Retype every line of the records exactly.
** Opening INFORMATION block **
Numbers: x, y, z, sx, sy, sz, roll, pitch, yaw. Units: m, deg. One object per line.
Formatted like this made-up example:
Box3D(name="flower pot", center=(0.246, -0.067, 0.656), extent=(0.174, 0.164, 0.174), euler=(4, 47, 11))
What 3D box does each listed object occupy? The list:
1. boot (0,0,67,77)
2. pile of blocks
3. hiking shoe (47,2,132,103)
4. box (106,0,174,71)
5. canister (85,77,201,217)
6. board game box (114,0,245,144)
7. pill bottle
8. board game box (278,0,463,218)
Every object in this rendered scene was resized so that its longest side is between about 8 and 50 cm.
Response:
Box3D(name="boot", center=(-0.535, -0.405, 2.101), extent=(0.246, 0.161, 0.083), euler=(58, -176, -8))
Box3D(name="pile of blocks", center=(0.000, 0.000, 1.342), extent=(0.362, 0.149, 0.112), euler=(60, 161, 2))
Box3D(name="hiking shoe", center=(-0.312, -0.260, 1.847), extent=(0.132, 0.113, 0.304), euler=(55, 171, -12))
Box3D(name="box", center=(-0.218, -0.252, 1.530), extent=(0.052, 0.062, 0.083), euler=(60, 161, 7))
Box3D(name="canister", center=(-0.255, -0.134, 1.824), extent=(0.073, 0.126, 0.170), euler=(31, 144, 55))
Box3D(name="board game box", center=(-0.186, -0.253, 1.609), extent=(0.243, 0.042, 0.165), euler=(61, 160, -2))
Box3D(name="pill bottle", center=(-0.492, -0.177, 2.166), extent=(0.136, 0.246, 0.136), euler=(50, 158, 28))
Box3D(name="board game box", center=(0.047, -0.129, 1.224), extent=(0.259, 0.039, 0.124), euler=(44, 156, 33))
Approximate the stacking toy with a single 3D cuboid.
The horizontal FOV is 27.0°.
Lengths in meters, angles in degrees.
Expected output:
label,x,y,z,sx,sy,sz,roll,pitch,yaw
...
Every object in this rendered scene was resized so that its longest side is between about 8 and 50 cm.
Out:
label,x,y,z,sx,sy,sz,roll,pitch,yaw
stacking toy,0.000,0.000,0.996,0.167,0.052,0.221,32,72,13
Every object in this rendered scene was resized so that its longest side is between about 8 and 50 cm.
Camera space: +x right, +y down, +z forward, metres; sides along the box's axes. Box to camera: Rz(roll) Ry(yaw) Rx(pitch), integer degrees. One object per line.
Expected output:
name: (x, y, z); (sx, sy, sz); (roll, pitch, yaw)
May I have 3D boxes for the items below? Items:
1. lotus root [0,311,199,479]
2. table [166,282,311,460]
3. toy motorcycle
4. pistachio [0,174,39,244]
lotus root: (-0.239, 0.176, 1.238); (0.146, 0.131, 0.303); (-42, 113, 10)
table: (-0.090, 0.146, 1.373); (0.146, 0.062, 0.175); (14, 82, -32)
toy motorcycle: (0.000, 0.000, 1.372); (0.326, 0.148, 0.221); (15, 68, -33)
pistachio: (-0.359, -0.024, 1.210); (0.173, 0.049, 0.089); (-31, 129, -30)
** Closing INFORMATION block **
■ **YOUR SOLUTION**:
Numbers: x, y, z, sx, sy, sz, roll, pitch, yaw. Units: m, deg. One object per line.
Formatted like this made-up example:
Box3D(name="flower pot", center=(0.246, -0.067, 0.656), extent=(0.174, 0.164, 0.174), euler=(4, 47, 11))
What 3D box does each listed object occupy? The list:
1. boot (0,0,67,77)
2. pile of blocks
3. hiking shoe (47,2,132,103)
4. box (106,0,174,71)
5. canister (85,77,201,217)
6. board game box (114,0,245,144)
7. pill bottle
8. board game box (278,0,463,218)
Every object in this rendered scene was resized so that its longest side is between about 8 and 50 cm.
Response:
Box3D(name="boot", center=(-0.535, -0.405, 2.101), extent=(0.246, 0.161, 0.083), euler=(58, -176, -8))
Box3D(name="pile of blocks", center=(0.000, 0.000, 1.342), extent=(0.362, 0.149, 0.112), euler=(60, 161, 2))
Box3D(name="hiking shoe", center=(-0.312, -0.260, 1.847), extent=(0.132, 0.113, 0.304), euler=(55, 171, -12))
Box3D(name="box", center=(-0.218, -0.252, 1.530), extent=(0.052, 0.062, 0.083), euler=(60, 161, 7))
Box3D(name="canister", center=(-0.255, -0.134, 1.824), extent=(0.073, 0.126, 0.170), euler=(31, 144, 55))
Box3D(name="board game box", center=(-0.186, -0.253, 1.609), extent=(0.243, 0.042, 0.165), euler=(61, 160, -2))
Box3D(name="pill bottle", center=(-0.492, -0.177, 2.166), extent=(0.136, 0.246, 0.136), euler=(50, 158, 28))
Box3D(name="board game box", center=(0.047, -0.129, 1.224), extent=(0.259, 0.039, 0.124), euler=(44, 156, 33))
Approximate the stacking toy with a single 3D cuboid.
The horizontal FOV is 27.0°.
Lengths in meters, angles in degrees.
Expected output:
label,x,y,z,sx,sy,sz,roll,pitch,yaw
...
Every object in this rendered scene was resized so that its longest side is between about 8 and 50 cm.
Out:
label,x,y,z,sx,sy,sz,roll,pitch,yaw
stacking toy,0.000,0.000,0.996,0.167,0.052,0.221,32,72,13
Every object in this rendered scene was resized so that its longest side is between about 8 and 50 cm.
Camera space: +x right, +y down, +z forward, metres; sides along the box's axes. Box to camera: Rz(roll) Ry(yaw) Rx(pitch), integer degrees. One object per line.
Expected output:
name: (x, y, z); (sx, sy, sz); (roll, pitch, yaw)
May I have 3D boxes for the items below? Items:
1. lotus root [0,311,199,479]
2. table [166,282,311,460]
3. toy motorcycle
4. pistachio [0,174,39,244]
lotus root: (-0.239, 0.176, 1.238); (0.146, 0.131, 0.303); (-42, 113, 10)
table: (-0.090, 0.146, 1.373); (0.146, 0.062, 0.175); (14, 82, -32)
toy motorcycle: (0.000, 0.000, 1.372); (0.326, 0.148, 0.221); (15, 68, -33)
pistachio: (-0.359, -0.024, 1.210); (0.173, 0.049, 0.089); (-31, 129, -30)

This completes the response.